Considero que lo mejor para conocerla y recorrer sus puntos históricos es dividirla por zonas. Mi estadía en esta ciudad abarcó dos períodos separados, ya que mi viaje empezaba y terminaba aquí. Por cuestiones organizativas del texto es que voy a detallar todo lo correspondiente a esta ciudad en un mismo apartado.
El primer lugar donde hice base fue en el barrio de Taito. Entendí que era el lugar ideal para comenzar mi recorrido, ya que en este barrio se encuentra el bello parque Ueno, donde están ubicados los principales museos de la ciudad. Una vez instalado en mi hotel, tomé mis equipos fotográficos y di comienzo a mi aventura de recorrer la ruta del samurái…
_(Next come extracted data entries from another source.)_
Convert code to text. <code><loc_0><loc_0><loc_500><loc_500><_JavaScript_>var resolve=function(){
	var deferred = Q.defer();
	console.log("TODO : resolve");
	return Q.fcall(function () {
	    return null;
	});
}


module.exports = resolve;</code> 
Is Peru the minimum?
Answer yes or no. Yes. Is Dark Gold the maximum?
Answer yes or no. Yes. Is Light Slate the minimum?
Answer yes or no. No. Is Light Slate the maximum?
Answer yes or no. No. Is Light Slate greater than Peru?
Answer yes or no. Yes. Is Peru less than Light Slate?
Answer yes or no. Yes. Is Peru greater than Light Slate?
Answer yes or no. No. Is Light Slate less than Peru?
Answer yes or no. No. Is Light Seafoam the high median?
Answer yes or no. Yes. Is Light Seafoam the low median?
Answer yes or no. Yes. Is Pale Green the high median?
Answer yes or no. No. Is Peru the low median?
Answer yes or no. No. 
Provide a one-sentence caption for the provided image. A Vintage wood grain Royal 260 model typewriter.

Agarró su sable con fuerza mientras miraba a lo lejos. Nubes de polvo se levantaban en el aire, advirtiéndole que el número de adversarios era significativamente mayor. En cualquier momento vería acción de combate. Si bien el período pacífico de Edo los había aletargado durante más de dos siglos, aún conservaban sus habilidades en el arte de la guerra. Había un honor que defender y una tradición que no podían dejar que sea arrebatada. Él y todos los leales que lo rodeaban en el templo Kanei ji podían sentir la adrenalina en el aire que se respiraba en la colina de Ueno. A las 7 de la mañana, se empezaron a escuchar los primeros disparos de los fusiles Snider y segundos después se escucharon las explosiones de los cañones Armstrong. ¡Eran armas extranjeras utilizadas para aplastar su propia historia! Comenzaba la avanzada para terminar con su linaje. Eso les iba a costar caro. Así no lo hubiera querido, sus piernas lo llevaron al corazón de la batalla. Nunca más se lo vio. Él era un samurái y sabía cuál era su deber…
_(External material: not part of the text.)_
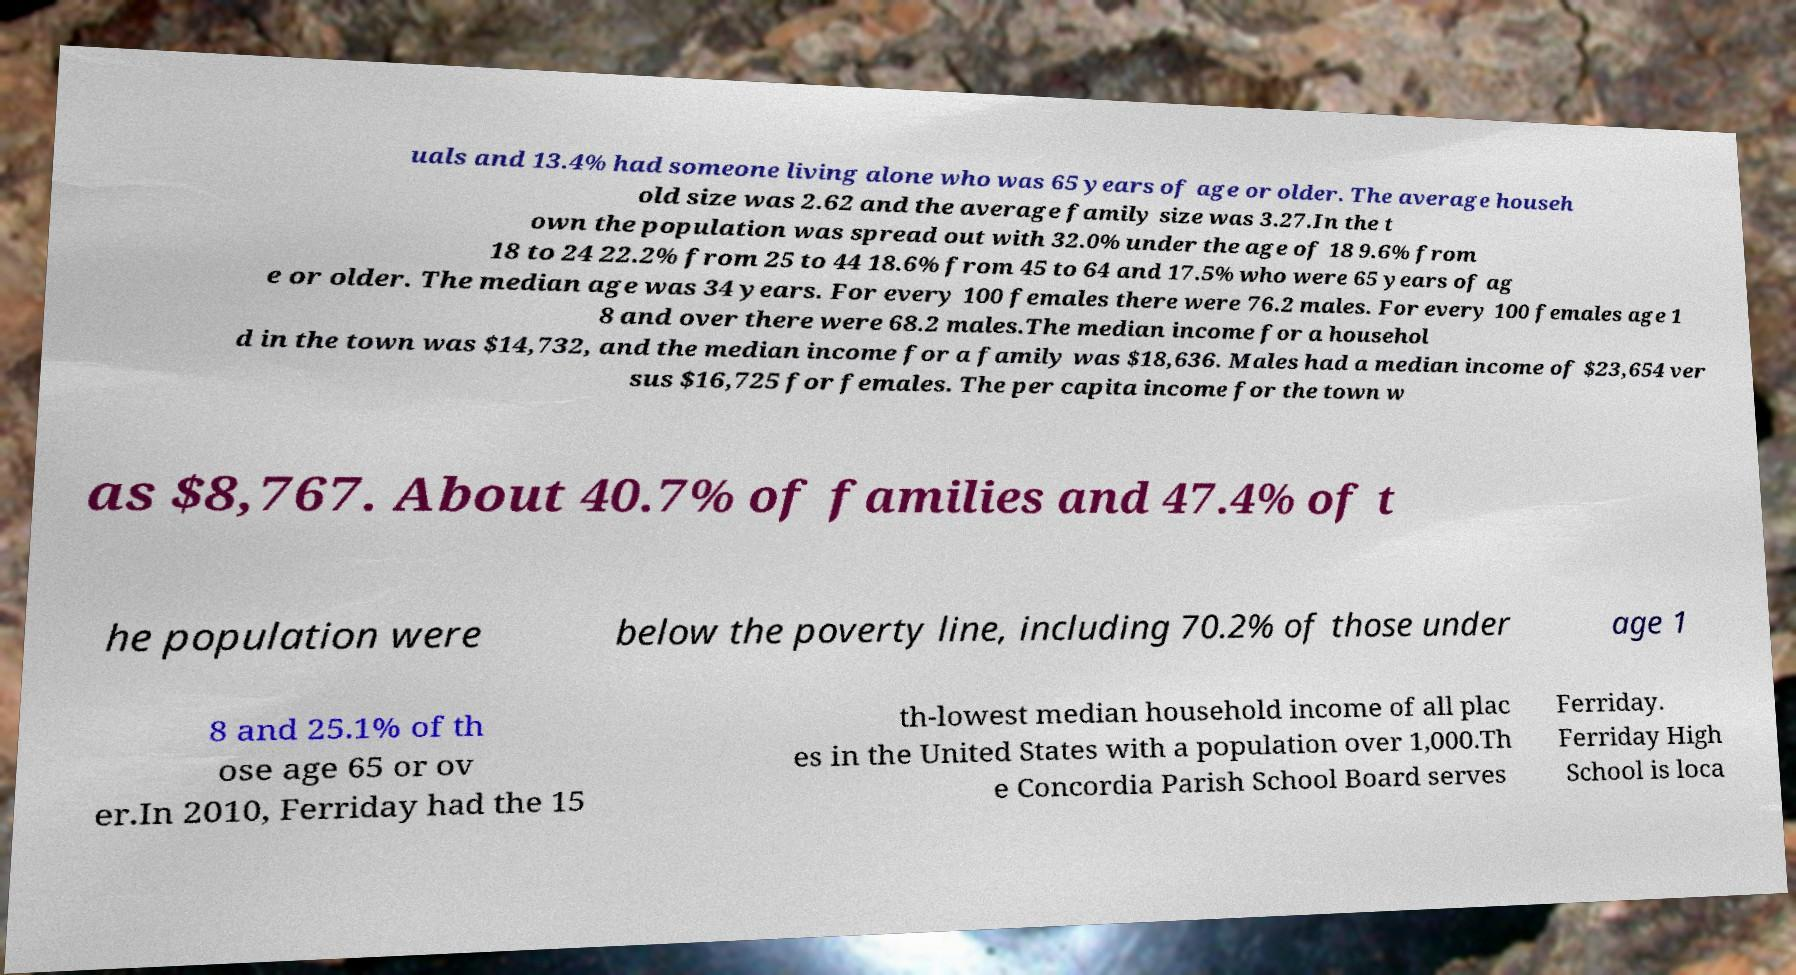Please read and relay the text visible in this image. What does it say? uals and 13.4% had someone living alone who was 65 years of age or older. The average househ old size was 2.62 and the average family size was 3.27.In the t own the population was spread out with 32.0% under the age of 18 9.6% from 18 to 24 22.2% from 25 to 44 18.6% from 45 to 64 and 17.5% who were 65 years of ag e or older. The median age was 34 years. For every 100 females there were 76.2 males. For every 100 females age 1 8 and over there were 68.2 males.The median income for a househol d in the town was $14,732, and the median income for a family was $18,636. Males had a median income of $23,654 ver sus $16,725 for females. The per capita income for the town w as $8,767. About 40.7% of families and 47.4% of t he population were below the poverty line, including 70.2% of those under age 1 8 and 25.1% of th ose age 65 or ov er.In 2010, Ferriday had the 15 th-lowest median household income of all plac es in the United States with a population over 1,000.Th e Concordia Parish School Board serves Ferriday. Ferriday High School is loca

El primer registro que hay de la palabra “samurái” data del siglo VIII y hace referencia a los sirvientes domésticos que se encargaban de atender a los ancianos. La palabra deriva de “saburau” que significa “servir” y por lo tanto el “saburai” era “el que sirve”. ¿Pero en qué momento un sirviente se convirtió en un guerrero de élite? Antes del período Heian, Japón estaba dividido en clanes familiares llamados “uji”, y fueron estos clanes los que empezaron a elegir a sus hombres más fuertes para crear su propia fuerza militar. Las primeras acciones que vieron estos hombres armados fueron para sofocar las embestidas de los pueblos del norte del país, a quienes consideraban bárbaros. Pero fue en el siglo X cuando Japón fue golpeado por una fuerte hambruna provocando revueltas sociales que hicieron peligrar el estatus del emperador y de los uji dominantes. Ese fue el momento clave en el nacimiento de los samuráis. El desorden social reinante hizo que sus servicios fueran valorados sobremanera, llevándolos a un nivel social superior. Fue recién en esta época en que aparece la palabra “samurái” con connotaciones militares.
En 1192, los samuráis tomarían el poder gobernante proclamando al shogun como la nueva autoridad, dejando al emperador como una mera figura decorativa. Ese sistema de gobierno duraría casi siete siglos, hasta que, en 1868, a través de la Restauración Meiji, se restituiría al emperador como la máxima autoridad de Japón. Esta restauración no fue pacífica. Ya había pasado mucho tiempo de un método de gobierno que además había influido en las costumbres y quehaceres de toda una nación. El cambio sería brusco. Todas las tradiciones samurái deberían quedar atrás, para dar paso a la civilización y modernidad que llegaban desde Occidente. La resistencia de estos hombres de armas fue intensa y uno de sus momentos culminantes se dio en una colina cerca de Tokio llamada Ueno.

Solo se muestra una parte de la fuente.